Следующей символьной формой изначального языка является, вне сомнения, его поэтическая форма. Почему Евангелические тексты именуются стихами (глава такая-то, стих - такой-то)? Ведь привычной для нас атрибутики стихов там нет? Нет рифмы, нет характерной для стиха ритмики? Можно, конечно, предположить, что то и другое - рифмы и поэтический ритм - там когда-то были, а затем их утратили при многочисленных переводах. Это предположение заслуживает специальных исследований. Сомневаюсь, однако, что даже первые переводы на греческом языке содержали в себе такую атрибуцию поэтического сказания. Более того - сомневаюсь также и в том, что тексты раннего христианства, созданные на арамейском и послужившие источником для греческих переводов (сегодня уже документально подтверждено их наличие), были написаны с внешней атрибутикой стихотворений.

Остаётся другое предположение: для поэтической формы языка наличие рифмы - совсем не обязательное условие. Тогда что же является таким сущностным, обязатель-

10

ным признаком подлинного поэтического творения? Если следовать внутренней логике той идеи, которая положена в основу нашего подхода и нашей концепции, то ответ может быть только один.
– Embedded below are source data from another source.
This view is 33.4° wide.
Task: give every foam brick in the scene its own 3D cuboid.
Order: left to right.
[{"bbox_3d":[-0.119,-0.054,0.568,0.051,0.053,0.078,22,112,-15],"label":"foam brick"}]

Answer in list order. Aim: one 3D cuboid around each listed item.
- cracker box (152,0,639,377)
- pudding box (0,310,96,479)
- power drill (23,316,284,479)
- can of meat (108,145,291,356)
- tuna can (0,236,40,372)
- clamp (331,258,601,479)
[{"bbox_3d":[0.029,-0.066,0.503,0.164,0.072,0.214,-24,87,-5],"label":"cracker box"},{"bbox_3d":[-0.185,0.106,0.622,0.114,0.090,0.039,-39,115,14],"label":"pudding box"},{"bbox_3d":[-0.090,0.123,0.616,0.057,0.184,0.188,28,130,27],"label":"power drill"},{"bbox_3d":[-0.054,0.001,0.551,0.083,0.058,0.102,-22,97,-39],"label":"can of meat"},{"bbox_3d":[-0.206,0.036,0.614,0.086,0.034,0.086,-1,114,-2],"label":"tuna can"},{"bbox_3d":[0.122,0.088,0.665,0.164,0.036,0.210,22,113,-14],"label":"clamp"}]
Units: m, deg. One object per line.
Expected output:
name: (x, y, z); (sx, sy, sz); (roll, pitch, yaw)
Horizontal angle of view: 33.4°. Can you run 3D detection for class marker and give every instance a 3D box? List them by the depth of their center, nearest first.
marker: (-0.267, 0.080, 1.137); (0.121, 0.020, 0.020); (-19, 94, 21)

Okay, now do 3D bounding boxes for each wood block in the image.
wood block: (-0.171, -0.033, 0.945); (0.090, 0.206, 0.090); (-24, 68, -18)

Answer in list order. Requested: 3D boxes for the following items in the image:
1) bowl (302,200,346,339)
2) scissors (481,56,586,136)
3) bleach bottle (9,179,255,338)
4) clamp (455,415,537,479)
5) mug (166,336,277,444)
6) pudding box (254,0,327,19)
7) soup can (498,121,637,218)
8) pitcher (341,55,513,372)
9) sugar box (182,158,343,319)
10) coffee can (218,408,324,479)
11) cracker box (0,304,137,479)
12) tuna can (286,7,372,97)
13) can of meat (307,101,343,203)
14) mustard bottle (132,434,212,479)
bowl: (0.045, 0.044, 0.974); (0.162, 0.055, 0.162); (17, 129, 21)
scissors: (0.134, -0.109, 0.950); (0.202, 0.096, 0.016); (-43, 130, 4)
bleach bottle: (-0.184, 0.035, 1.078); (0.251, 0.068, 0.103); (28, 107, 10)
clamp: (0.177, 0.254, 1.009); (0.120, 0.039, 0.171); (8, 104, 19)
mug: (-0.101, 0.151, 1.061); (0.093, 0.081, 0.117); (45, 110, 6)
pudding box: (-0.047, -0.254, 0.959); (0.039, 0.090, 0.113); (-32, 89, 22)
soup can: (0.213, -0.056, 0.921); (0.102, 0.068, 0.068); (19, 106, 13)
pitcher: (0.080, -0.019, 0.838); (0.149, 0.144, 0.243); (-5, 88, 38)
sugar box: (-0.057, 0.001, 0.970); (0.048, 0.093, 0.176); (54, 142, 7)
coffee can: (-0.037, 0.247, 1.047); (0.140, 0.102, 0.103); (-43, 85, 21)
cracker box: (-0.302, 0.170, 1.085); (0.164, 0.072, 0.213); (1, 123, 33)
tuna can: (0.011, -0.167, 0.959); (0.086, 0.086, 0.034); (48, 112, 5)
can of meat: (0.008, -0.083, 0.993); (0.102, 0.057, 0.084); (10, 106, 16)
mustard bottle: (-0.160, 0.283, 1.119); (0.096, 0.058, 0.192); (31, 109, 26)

А именно - подлинное поэтическое творение всегда являет собою пример языка-символа. Более того - поэтическая форма есть не что иное, как перевод слов и выражений из состояния языка-знака в состояние языка-символа. Я рискну на сравнение такого перевода знаковости в символизм с таинством евхаристии, то есть с превращением вина и хлеба в кровь и плоть Христовы.
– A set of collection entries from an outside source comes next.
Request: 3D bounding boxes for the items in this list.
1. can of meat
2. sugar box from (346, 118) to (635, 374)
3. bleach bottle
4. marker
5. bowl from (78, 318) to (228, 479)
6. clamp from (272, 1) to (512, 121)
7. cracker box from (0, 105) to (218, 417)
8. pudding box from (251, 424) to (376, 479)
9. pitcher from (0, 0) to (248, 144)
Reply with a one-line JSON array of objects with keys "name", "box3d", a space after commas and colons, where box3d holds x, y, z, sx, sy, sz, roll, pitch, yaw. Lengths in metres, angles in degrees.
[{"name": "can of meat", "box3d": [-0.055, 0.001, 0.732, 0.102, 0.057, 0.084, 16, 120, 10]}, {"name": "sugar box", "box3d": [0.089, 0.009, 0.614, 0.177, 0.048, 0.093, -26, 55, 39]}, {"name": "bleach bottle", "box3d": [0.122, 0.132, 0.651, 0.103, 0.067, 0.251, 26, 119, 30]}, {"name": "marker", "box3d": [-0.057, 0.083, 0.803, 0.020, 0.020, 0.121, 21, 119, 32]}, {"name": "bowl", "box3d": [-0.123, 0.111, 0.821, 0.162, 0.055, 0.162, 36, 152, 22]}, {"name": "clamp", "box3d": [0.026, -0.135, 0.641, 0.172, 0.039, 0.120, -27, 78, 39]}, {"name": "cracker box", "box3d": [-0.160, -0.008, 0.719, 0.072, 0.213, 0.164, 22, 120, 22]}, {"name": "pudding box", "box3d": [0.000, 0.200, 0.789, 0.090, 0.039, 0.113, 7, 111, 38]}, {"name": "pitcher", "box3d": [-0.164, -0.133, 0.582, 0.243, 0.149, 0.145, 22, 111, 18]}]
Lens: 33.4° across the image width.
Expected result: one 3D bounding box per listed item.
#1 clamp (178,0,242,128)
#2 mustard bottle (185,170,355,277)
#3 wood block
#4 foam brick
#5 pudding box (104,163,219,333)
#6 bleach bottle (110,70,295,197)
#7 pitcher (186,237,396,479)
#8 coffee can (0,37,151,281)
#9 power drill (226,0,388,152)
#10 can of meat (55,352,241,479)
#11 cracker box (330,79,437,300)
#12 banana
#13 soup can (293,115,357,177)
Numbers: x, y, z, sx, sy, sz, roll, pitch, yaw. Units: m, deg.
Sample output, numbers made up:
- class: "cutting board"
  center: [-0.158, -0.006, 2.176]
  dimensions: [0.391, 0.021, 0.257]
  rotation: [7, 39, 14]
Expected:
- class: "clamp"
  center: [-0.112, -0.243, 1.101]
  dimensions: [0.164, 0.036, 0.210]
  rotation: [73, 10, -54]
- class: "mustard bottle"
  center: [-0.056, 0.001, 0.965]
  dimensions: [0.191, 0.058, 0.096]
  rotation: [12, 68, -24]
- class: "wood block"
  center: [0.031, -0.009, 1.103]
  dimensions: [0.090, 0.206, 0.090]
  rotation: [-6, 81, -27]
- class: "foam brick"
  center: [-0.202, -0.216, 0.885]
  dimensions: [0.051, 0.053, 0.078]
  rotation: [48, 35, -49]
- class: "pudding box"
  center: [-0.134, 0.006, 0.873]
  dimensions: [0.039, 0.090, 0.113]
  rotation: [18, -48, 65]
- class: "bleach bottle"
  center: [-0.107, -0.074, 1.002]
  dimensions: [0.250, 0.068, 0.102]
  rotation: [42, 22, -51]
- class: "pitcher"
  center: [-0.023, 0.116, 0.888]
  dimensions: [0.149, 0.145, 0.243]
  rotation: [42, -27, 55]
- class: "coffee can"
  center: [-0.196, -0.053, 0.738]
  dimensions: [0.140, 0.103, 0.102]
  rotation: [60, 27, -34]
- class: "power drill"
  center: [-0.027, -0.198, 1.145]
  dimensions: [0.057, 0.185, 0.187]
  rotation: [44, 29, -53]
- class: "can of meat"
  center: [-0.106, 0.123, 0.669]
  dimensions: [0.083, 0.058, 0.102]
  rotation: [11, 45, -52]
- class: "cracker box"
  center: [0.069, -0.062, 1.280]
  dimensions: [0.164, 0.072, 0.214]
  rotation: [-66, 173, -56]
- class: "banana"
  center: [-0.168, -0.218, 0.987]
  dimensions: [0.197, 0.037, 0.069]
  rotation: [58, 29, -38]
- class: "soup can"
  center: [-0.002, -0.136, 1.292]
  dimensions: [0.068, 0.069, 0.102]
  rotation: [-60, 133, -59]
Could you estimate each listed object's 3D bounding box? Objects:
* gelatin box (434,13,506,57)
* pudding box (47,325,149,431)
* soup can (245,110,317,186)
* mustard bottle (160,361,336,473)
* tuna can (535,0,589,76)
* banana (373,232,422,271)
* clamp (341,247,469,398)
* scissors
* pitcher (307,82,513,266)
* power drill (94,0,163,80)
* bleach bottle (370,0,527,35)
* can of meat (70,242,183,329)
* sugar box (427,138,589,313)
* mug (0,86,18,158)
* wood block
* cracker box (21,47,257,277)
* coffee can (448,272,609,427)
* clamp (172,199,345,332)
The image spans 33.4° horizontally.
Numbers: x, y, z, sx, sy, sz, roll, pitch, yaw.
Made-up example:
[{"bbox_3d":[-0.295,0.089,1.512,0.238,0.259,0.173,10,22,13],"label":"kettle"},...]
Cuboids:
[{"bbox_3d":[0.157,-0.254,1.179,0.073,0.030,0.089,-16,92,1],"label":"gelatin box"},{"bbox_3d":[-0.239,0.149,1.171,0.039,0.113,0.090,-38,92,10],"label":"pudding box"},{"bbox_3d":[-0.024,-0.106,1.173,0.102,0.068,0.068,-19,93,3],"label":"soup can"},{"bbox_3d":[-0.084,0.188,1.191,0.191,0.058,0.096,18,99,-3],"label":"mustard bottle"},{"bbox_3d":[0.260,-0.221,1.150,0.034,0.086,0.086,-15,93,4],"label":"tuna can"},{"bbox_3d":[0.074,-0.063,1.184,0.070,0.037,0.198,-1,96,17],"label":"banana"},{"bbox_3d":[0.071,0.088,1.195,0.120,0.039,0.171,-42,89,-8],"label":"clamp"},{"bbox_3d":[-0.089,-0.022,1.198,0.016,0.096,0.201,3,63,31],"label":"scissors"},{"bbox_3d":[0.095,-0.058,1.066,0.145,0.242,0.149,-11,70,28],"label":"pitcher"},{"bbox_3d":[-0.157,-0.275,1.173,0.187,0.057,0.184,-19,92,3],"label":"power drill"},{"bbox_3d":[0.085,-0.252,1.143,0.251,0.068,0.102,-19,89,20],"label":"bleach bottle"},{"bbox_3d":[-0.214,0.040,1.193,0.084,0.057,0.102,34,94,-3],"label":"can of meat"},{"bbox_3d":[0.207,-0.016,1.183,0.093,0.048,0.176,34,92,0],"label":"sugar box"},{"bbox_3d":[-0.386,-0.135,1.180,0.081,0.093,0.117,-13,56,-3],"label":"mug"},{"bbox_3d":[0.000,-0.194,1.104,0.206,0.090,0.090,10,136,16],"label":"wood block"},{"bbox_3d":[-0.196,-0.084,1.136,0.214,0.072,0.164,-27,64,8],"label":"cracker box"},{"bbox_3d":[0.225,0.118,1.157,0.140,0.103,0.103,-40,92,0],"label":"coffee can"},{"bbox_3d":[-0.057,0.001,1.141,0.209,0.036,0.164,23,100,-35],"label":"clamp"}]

Вот теперь становится понятным, почему Божественные Имена должны пропеваться, и почему евангельские тексты являются именно стихами, то есть - символически устроенным языком. Разве можно о тайне Божественного рассказать всего лишь знаками? Ведь знаки всегда есть смещение от смысла к значению. В силу такого смещения мы вынуждены задаваться вопросом - что это значит? А затем интерпретировать и комментировать, привлекая для этого также отнюдь не символы с их смыслами, а другие знаки с их столь же смещёнными значениями.

Есть все основания для предположения, согласно которому речь первых людей никогда не была прозаической -она всегда была устроена именно поэтически и музыкально. Конечно, при этом неизбежно приходится отказаться от навязанного современными историками представления, согласно которому первые люди - это примитивные существа, что-то такое среднее между обезьяной и человеком. Ещё раз отмечу - в этой связи - что такое представление не выдерживает подлинно научных критериев достоверного знания. Множество открытий в области палеоантропологии как раз подтверждает совсем другую гипотезу: гипотезу существования древнейших цивилизаций людей на Земле, притом таких цивилизаций, уровень и качество развития которых были - в сопоставлении с современной цивилизацией - намного выше. Знаменитая гипотеза о гиперборейской протоцивилизации становится уже не просто экзотичной гипотезой: обнаружено множество фактов, подтверждающих её реальное существование в далёком прошлом человечества.

11

А как же тогда понимать то обстоятельство, что рифмо-ванность и ритмичность поэтических творений стали признаками именно поэзии? Ведь это не может быть всего лишь случайностью или конвенцией, то есть особым договором по вопросу о том, как должна быть устроена поэтическая речь. Здесь явно какая-то превращённая форма, своего рода след изначальной поэтичности самого языка. Жан Бодрийяр обратил внимание на раннее исследование основателя структурной лингвистики - Фердинанда де Сос-сюра. Исследование носит именование - «Анаграмма» - и было посвящено как раз загадке поэтической формы речи. Согласно гипотезе раннего Соссюра, изначально поэтическая форма есть не что иное, как анаграмма Божественного имени. Вернее - разложение и аннигиляция этого Имени посредством анаграммы в поэтически устроенную речь.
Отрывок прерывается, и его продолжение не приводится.